Pat Scally suggests you swing by Pizzaiolo, the new spot he's opening in mid-January at 360 Cumberland Avenue. The business currently has, of all things, a Google+ presenceScally told Eater his use of the term pizzaiolo — which often refers to a pizza maker himself — hews most closely to the Urban Dictionary definition: "The locally owned neighborhood...'old fashioned way' pizza joints that use the highest quality ingredients and are an art form in and of themselves."

"We're making ricotta from scratch, where in New York they skimp a little bit since you're already there for the pizza," Scally said. His offerings are "a little pricey at $21 bucks for a large specialty pie, but we use the best of everything, we make our own dough, where most other places in Portland, including OTTO, use frozen." Scally would know: he worked for Bronx Pizza in San Diego, then as district manager of Papa John's in the Boston area, and most recently as OTTO's director of operations.

Pizzaiolo will open 10 a.m. to 10 p.m. daily with delivery, catering, takeout, sit-down, and a slice bar.
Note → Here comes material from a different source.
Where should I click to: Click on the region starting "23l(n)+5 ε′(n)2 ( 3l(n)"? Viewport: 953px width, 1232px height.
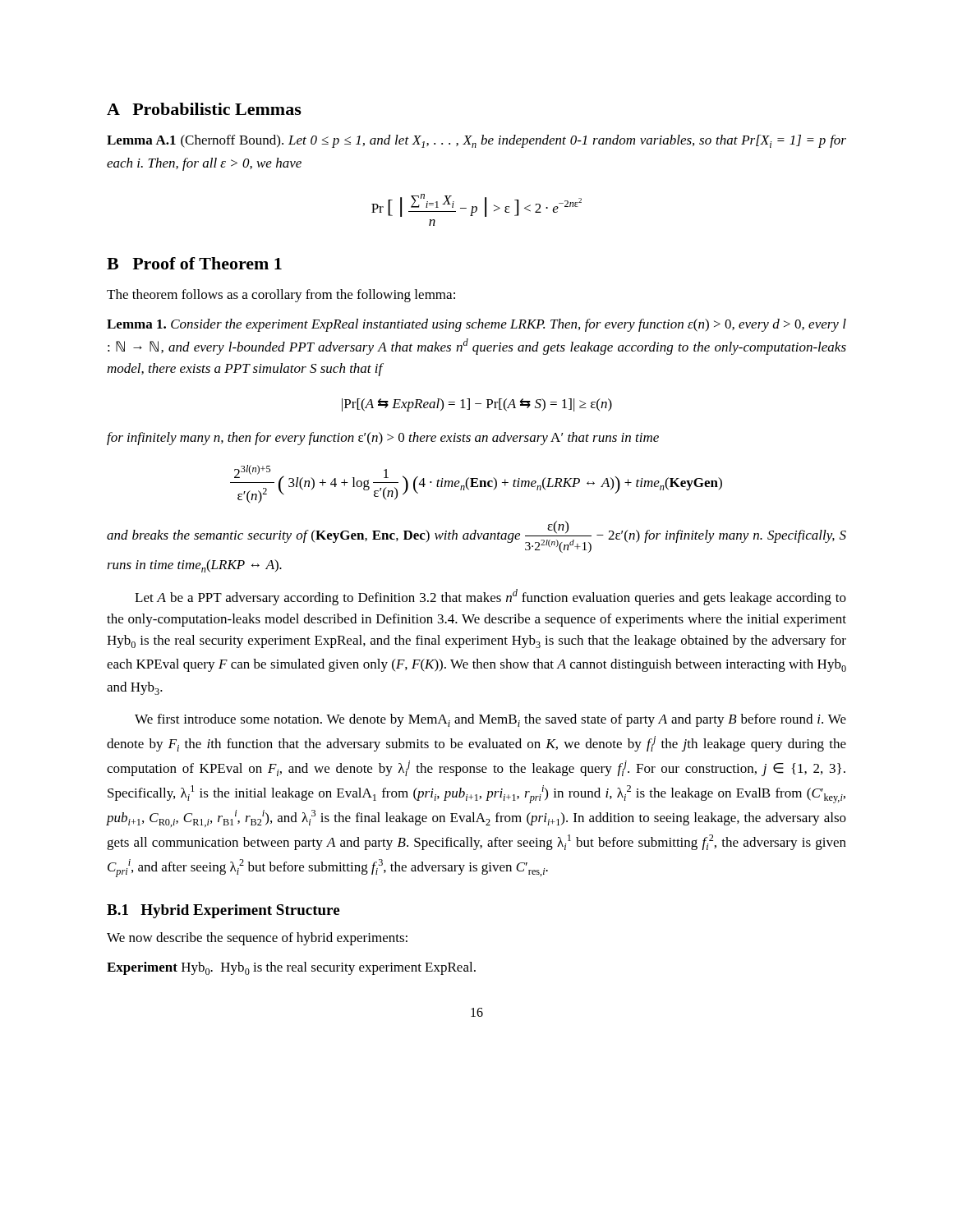[x=476, y=484]

Alongside 12 different selections of white, whole wheat, and gluten-free slices ("no one else has gluten-free slices ready," Scally insisted), the pizzeria will offer salads and precisely one type of sandwich: a meatball sub with roll and meatballs baked in-house. Scally said he doesn't keep his pizza for the full four hours allowed by law; if slices don't move within an hour, he throws them out — or finds other outlets for them, like samples for potential catering customers, or donations to homeless shelters. If times are slow, he has tricks to minimize waste, like making half-pies. Look for the neighborhood addition across from German restaurant Schulte and Herr next month.